Lucene Sample Query

8.1k Views Asked by At

When I search by phrase "ph1 ph2" it finds texts that contains "ph1" or "ph2".

String line = "ph1 ph2";           
QueryParser parser = new QueryParser(Version.LUCENE_CURRENT, field, analyzer);
Query query = parser.parse(line);  

Anybody knows how to search by 1) phrase ("ph1 ph2"). Example: This is sentence ph1 ph2. 2) phrase with maximum distance("ph1 ph2 ~3"). Example This ph1 is sentence ph2.

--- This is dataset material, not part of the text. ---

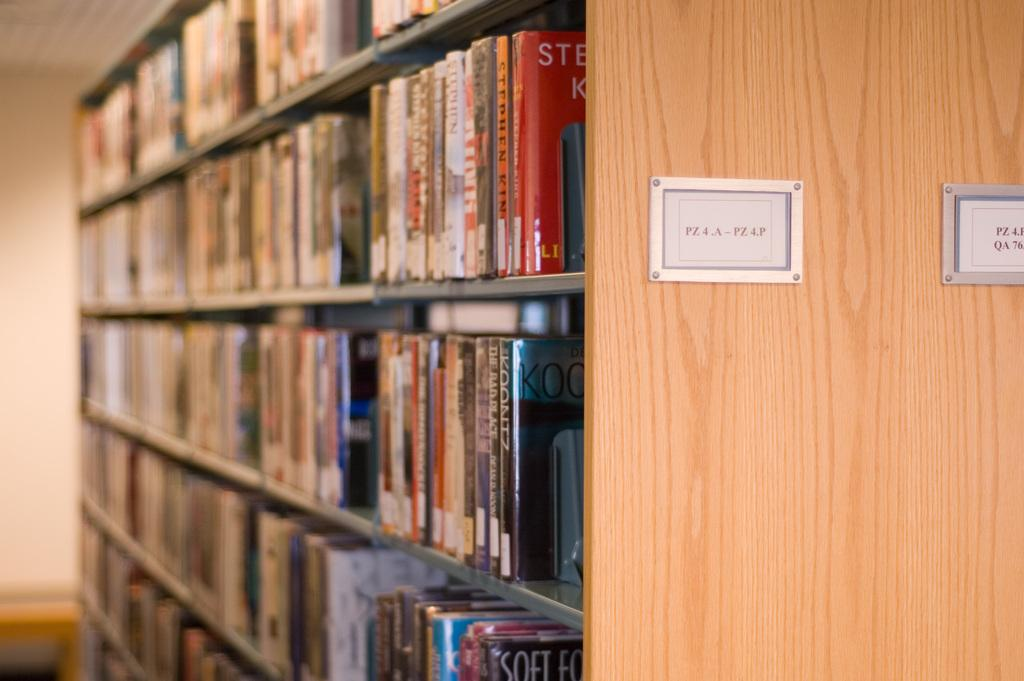What is the main subject of the image? The main subject of the image is a collection of books. How are the books arranged in the image? The books are placed in a rack. Are there any additional features attached to the wooden rack? Yes, there are two text boards attached to the wooden rack. How many bombs can be seen on the text boards in the image? There are no bombs present in the image; it only features books, a rack, and text boards. 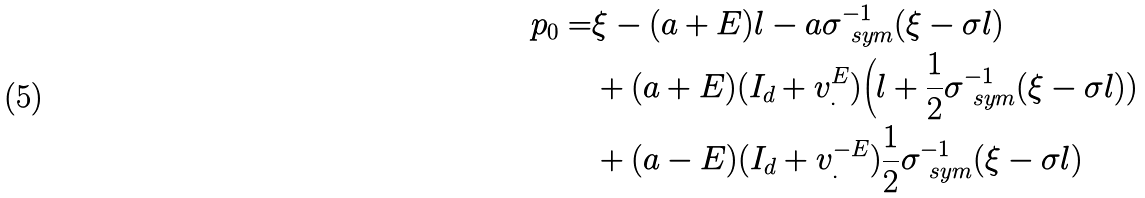<formula> <loc_0><loc_0><loc_500><loc_500>p _ { 0 } = & \xi - ( a + E ) l - a \sigma _ { \ s y m } ^ { - 1 } ( \xi - \sigma l ) \\ & + ( a + E ) ( I _ { d } + v _ { . } ^ { E } ) \Big ( l + \frac { 1 } { 2 } \sigma _ { \ s y m } ^ { - 1 } ( \xi - \sigma l ) ) \\ & + ( a - E ) ( I _ { d } + v _ { . } ^ { - E } ) \frac { 1 } { 2 } \sigma _ { \ s y m } ^ { - 1 } ( \xi - \sigma l )</formula> 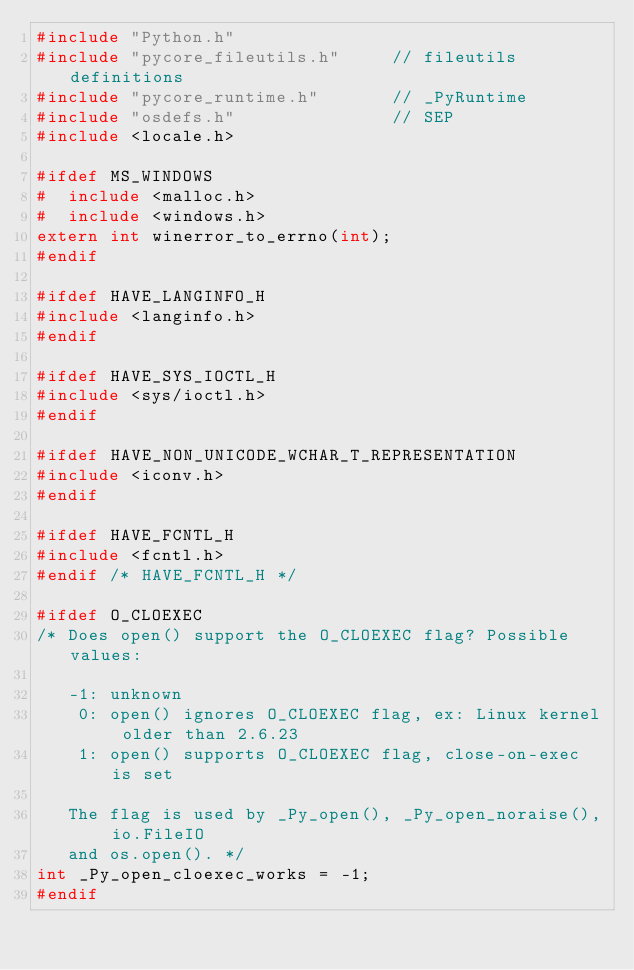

P.S I used standard Lucene Indexer to index my files. If this example is not clear view http://www.lucenetutorial.com/lucene-query-syntax.html

Here's full code:

String index = "C:/programs/lucenedemo/index";
    String field = "contents";                    
    IndexReader reader = DirectoryReader.open(FSDirectory.open(new File(index)));
    IndexSearcher searcher = new IndexSearcher(reader);
    Analyzer analyzer = new StandardAnalyzer(Version.LUCENE_40);
    //QueryParser parser = new QueryParser(Version.LUCENE_40, field, analyzer);          
    String line = "ph1 ph2";           
    QueryParser parser = new QueryParser(Version.LUCENE_CURRENT, field, analyzer);
    Query query = parser.parse(line);                     
    //doPagingSearch(searcher, query, hitsPerPage, raw, queries == null && queryString == null);         
    //doPagingSearch

    TopDocs results = searcher.search(query, 300000);
    ScoreDoc[] hits = results.scoreDocs;        
    System.out.println(results.totalHits);

    for (int i=0;i<10;i++) {    
    Document doc = searcher.doc(hits[i].doc);
        String path = doc.get("path");
        if (path != null) System.out.println((i+1) + ". " + path);                          
    } 

    //end of doPagingSearch
    reader.close();
2

There are 2 best solutions below

1
On

I'm not clear on exactly what you are looking for, but I believe it's one of:

  • "field:\"" + line + "\"" : Simple phrase query. Find the two adjacent ordered terms

  • "field:\"" + line + "\"~3" : Phrase query with slop. In order, but with up to three terms worth of separation in the two terms.

  • "field:(" + line + ")" : Not a phrase query at all. Simple search for the two terms. Any order or distance is acceptable.

You can see further options on query parser syntax in Lucene's query syntax documentation

0
On

You may want to use a SpanQuery.

Specifically, you can create a SpanNearQuey, passing the constructor an array of SpanTermQuerys, one for each clause in the phrase, and an int representing the "slop", or maximum distance (as well as a boolean indicating whether the terms must be in order).

To search, use the getSpans method on the query that you have created.

Note that this will give you a list of all such occurrences, and not a list of matching documents. Depending on how you would like to present the results, you may need to iterate over the spans and group them according to document, etc.